Now to quickly come back to Chasm, it is a backend, it's not designed to be used by modders directly, but it's designed to replace what's "behind Mixin", this means to a modder they could continue using Mixin, it just handles things differently at the back. It also allows new APIs to be used by modders that interact with Chasm, and the great thing is it will probably be faster after a first launch since this new design allows to cache transformations (though first launch has a decent chance to be slower, it's a decent trade-off in my opinion), and it will be more compatible (hence the name Collision-Handling ASM).
This is a stemming from the thoughts of one of Fabric's founder about replacing mixin, and it's finally coming to reality.

This is important for a project like Patchwork as it will allow to take Forge patches, and hopefully convert them to Chasm code, allowing much easier maintenance of the project and the framework being much more powerful (and safe) means it'll also be easier to patch mods and make everything fit.

As magic as it sounds, it's not all magic, at Quilt we will need to ensure availability of and readable documentation to ensure most modders use those new technologies appropriately. This will also give new tools to handle some tricky injections much better and make everything globally more compatible, as long as we do our documentation job correctly.

To sum up: Mixin doesn't cause the incompatibilities but the surrounding communication does, even though some incompatibilities stem from Mixin limitations. And yet it still doesn't explain everything.

APIs can cause incompatibilities too

I don't like how Forge is put on a pedestal throughout the video, because it's not all rainbows and butterflies either.

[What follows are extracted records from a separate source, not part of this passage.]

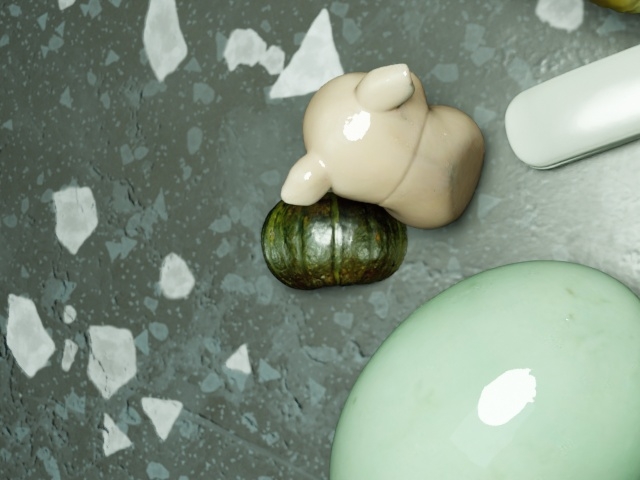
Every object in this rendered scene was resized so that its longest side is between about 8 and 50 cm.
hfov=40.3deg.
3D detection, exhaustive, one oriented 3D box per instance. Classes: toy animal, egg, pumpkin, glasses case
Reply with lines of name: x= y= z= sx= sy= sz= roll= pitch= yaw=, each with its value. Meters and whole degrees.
toy animal: x=0.080 y=-0.092 z=0.921 sx=0.154 sy=0.250 sz=0.167 roll=34 pitch=103 yaw=39
egg: x=0.167 y=0.190 z=0.857 sx=0.276 sy=0.276 sz=0.389 roll=45 pitch=110 yaw=20
pumpkin: x=0.000 y=0.000 z=1.040 sx=0.183 sy=0.107 sz=0.119 roll=-7 pitch=91 yaw=27
glasses case: x=0.310 y=-0.147 z=0.917 sx=0.233 sy=0.059 sz=0.092 roll=-21 pitch=81 yaw=23

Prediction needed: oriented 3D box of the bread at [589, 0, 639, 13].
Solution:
bread: x=0.259 y=-0.340 z=0.822 sx=0.341 sy=0.300 sz=0.210 roll=38 pitch=106 yaw=17

This is quite counter-intuitive but modding APIs can also create incompatibilities between mods, this often highlights a bad design or an API that missed a use case. Let's take my favorite and most paradoxal example: Forge registries.

Let's first dive into why I pick this example: Aurora's Decorations, my decoration mod. It has a very different approach from most content mods: it adds new wooden blocks but providing the variants of just the Vanilla wood types wasn't enough for me. No, it had to support modded wood types natively, with the less user-intervention possible. To do this I had to analyze the registry as it's constructed: notice every wood-like pattern then generate my own blocks and items based on that.

This is rather novel, at least to my knowledge, because it's a really difficult thing to do, and this is why modders prefer to have 50 addons just to make mods actually integrate well with each other beyond simple compatibility. I do not strive for compatibility, I want integration, which is much superior when done right.

And this is where the first roadblock would come if I were developing for Forge: that mod loader has a much tighter control over registries. Forge has a different philosophy and implementation here, Forge being plagued by slow loading in older versions decided to take steps into solving that, through multi-threading... They initialized mods in parallel... This... is... urgh, not the best for my case.

The issue here is Forge locks down registries and prevent modders to use them to register stuff, you have to use their system to register your stuff, which will be added safely into the identifier-value map of the registries. This is important for safe code. And very bad for my mod, who relies on being able to register stuff at any time based on the changes to the registry. The irony is it didn't really solve Forge slowness issues since Fabric/Quilt manage to load way faster without multithreading.

While this won't really cause mods to crash, it means the integration isn't optimal and when assembling mod packs you will not be able to take random mods to mix and match them, if you want to do it properly you will need to sit down and chase down the 50 addons, so they actually integrate with each other. Wasn't this the main complaint of the video, that you had to spend time debugging mod packs?

Some would argue that my argument is flawed and that my mod could be ported to Forge. Yes it could, but at what price? You would need to go directly against Forge's philosophy and hack it to make it work, which could break things and actually result in an incompatible mess.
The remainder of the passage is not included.